Question 282351
Let r equal the original radius.


The new radius is equal to 2r - 5


Let a equal the original area.


The new area is equal to a + 32*pi


The original area is given by the formula:


a = pi * r^2


The new area is given by the formula


a + 32 * pi = pi * (2r - 5)^2


Replace a with the equivalent expression of pi*r^2 and you get:


pi*r^2 + 32*pi = pi*(2r-5)^2


Simplify to get:


pi*r^2 + 32*pi = 4*pi*r^2 - 20*pi*r + 25*pi


Divide both sides of this equation by pi to get:


r^2 + 32 = 4r^2 - 20r + 25


Subtract r^2 + 32 from both sides of this equation to get:


3r^2 - 20r - 7 = 0


This factors out to be (3r+1) * (r-7) = 0


This makes r = -1/3 and r = 7


r can't be negative so the answer is r = 7.
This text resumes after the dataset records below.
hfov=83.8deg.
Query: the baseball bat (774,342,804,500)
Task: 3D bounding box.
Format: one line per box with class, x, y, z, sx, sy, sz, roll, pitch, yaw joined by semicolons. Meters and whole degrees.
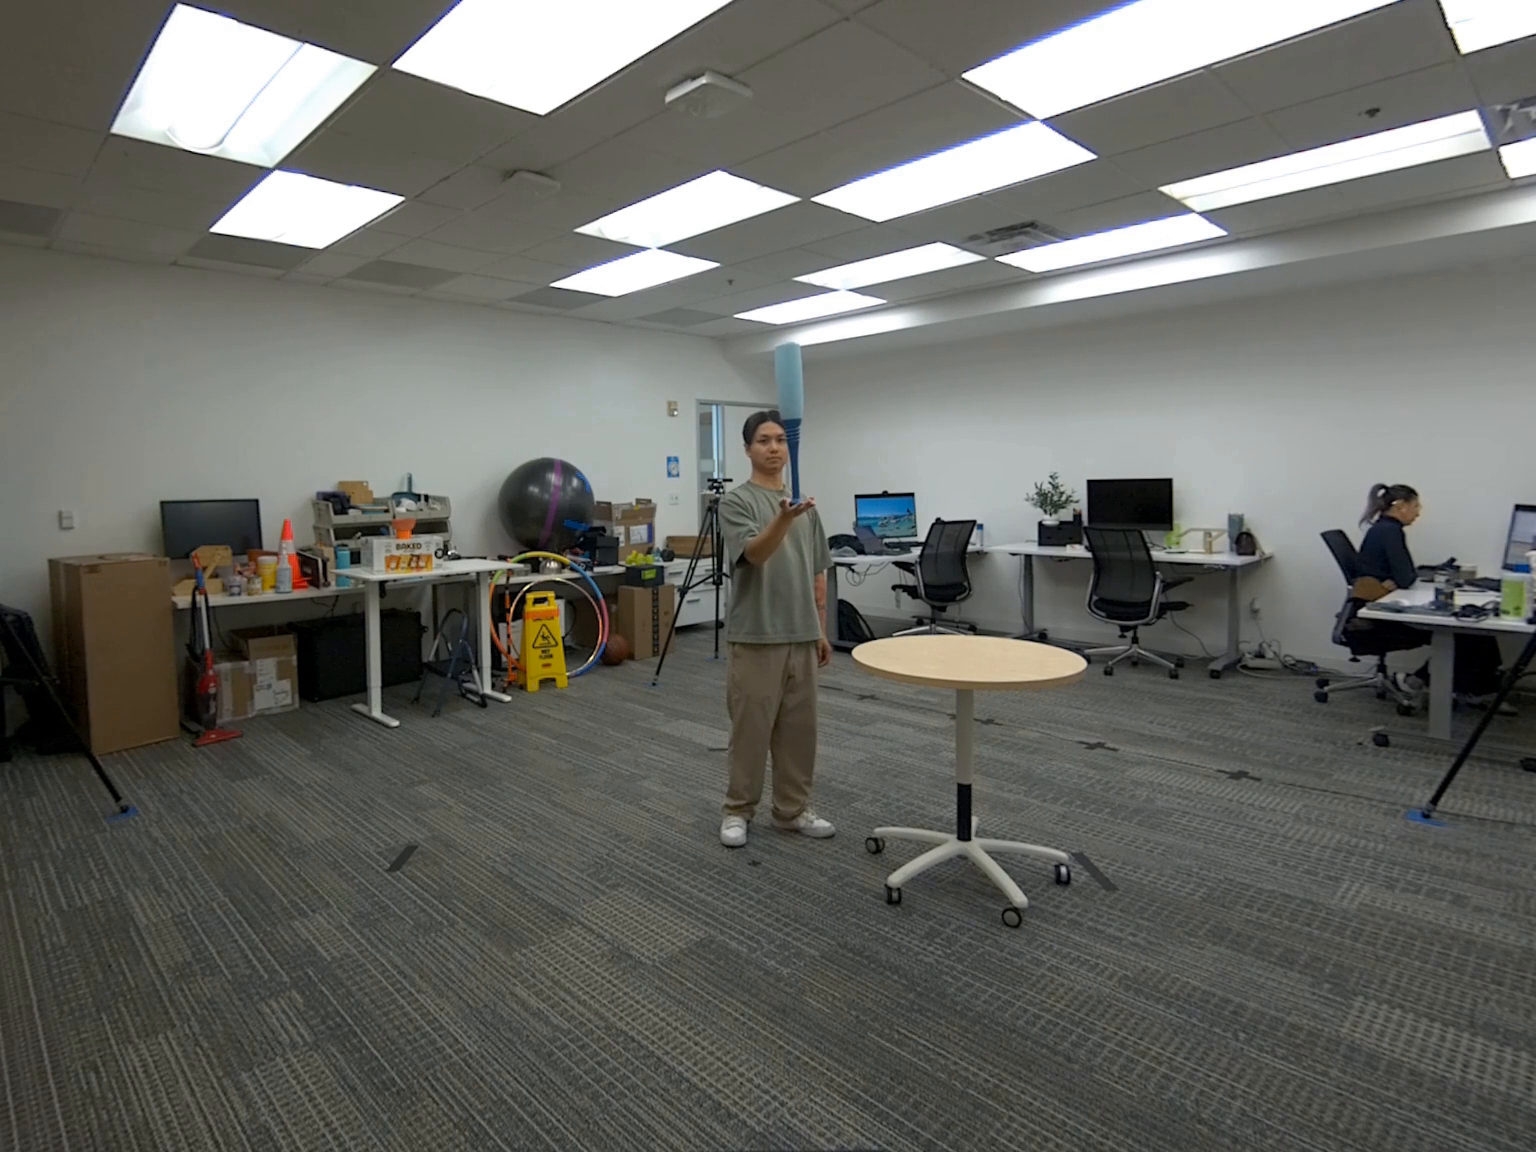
baseball bat;0.079;-0.501;2.823;0.089;0.541;0.089;-3;4;-1
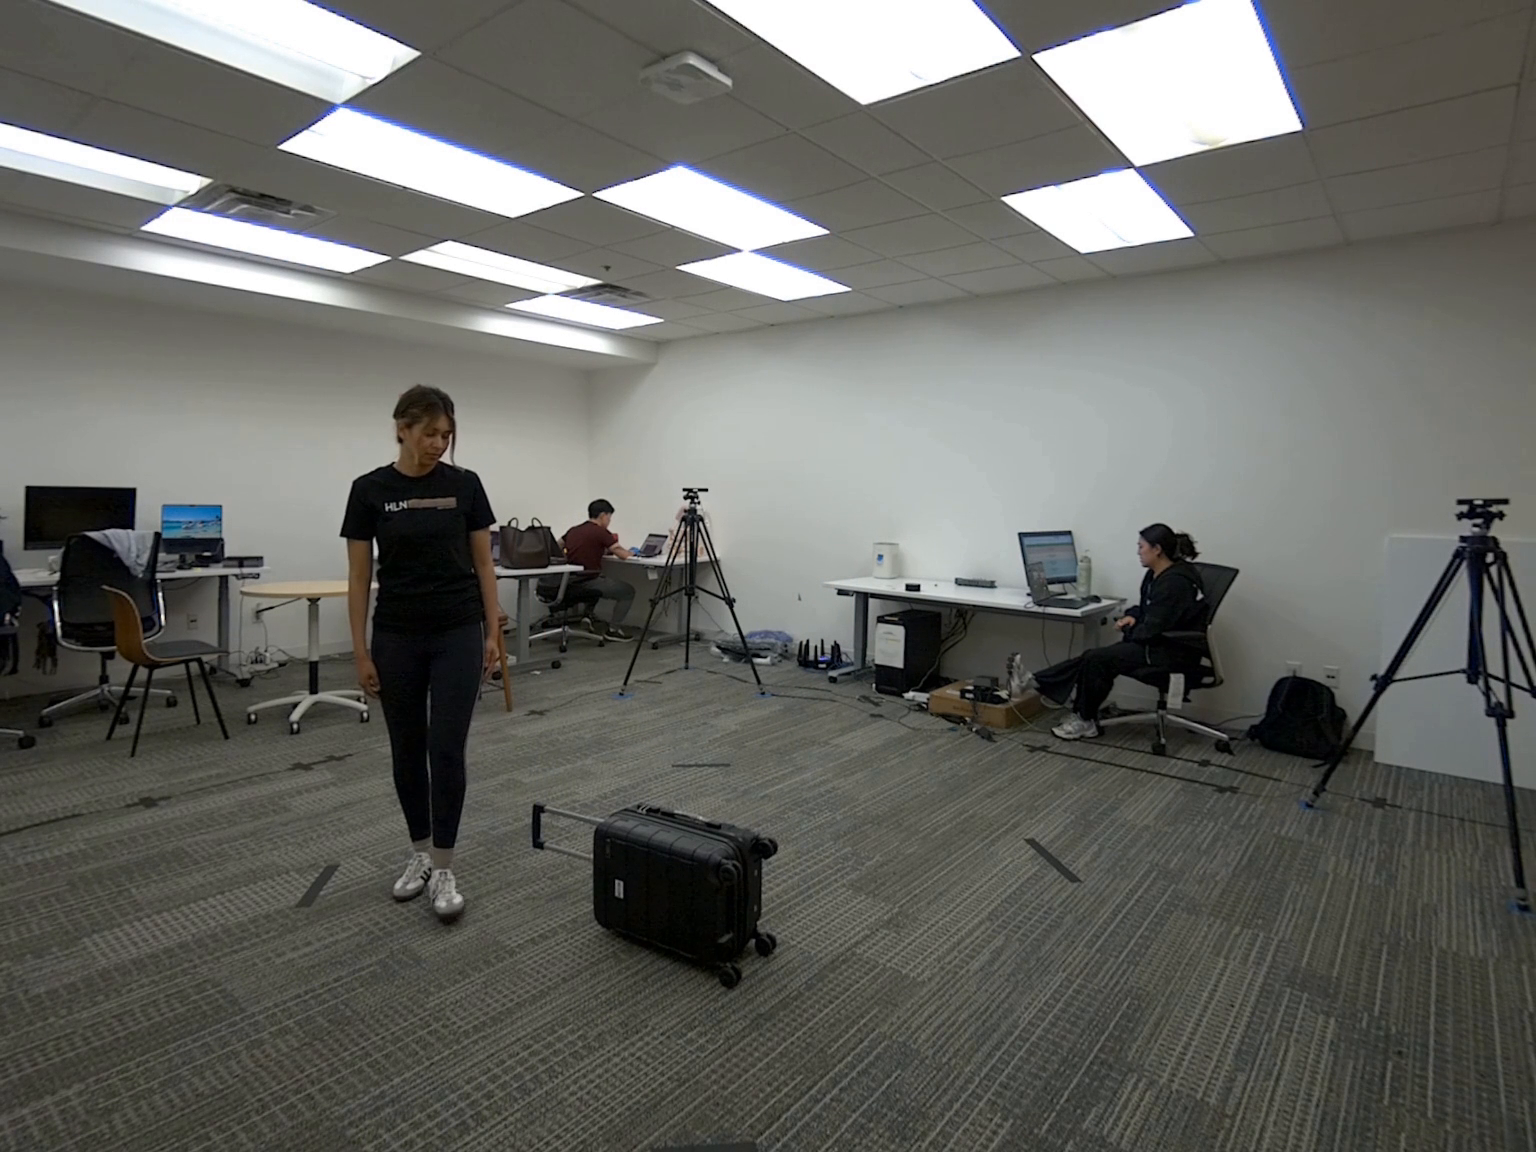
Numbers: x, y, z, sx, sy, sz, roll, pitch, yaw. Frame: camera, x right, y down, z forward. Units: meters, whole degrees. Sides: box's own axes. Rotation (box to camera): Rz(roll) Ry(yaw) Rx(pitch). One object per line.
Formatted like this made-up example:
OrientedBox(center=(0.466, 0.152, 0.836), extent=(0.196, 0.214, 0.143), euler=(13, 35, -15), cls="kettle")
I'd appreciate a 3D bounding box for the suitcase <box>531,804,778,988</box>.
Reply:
OrientedBox(center=(-0.458, 0.919, 2.698), extent=(1.007, 0.383, 0.250), euler=(4, 4, 30), cls="suitcase")

that would be selection c.


Plug this value into the original equation and you get:


a = pi * r^2 becomes a = pi * 49 which becomes a = 49*pi.


The new radius is equal to 2r - 5 which makes the new radius equal to 14 - 5 which makes the new radius equal to 9.


a = pi * 9^2 becomes a = pi * 81 becomes a = 81*pi


81*pi - 49*pi = 32*pi satisfying the requirements of the problem that states that when the radius is increased from 7 to 9, the area is increased by 32*pi.


9 = 2*7 - 5 = 14 - 5 = 9 which is true, confirming the radius increase.


81*pi - 49*pi = 32*pi conforming the area increase.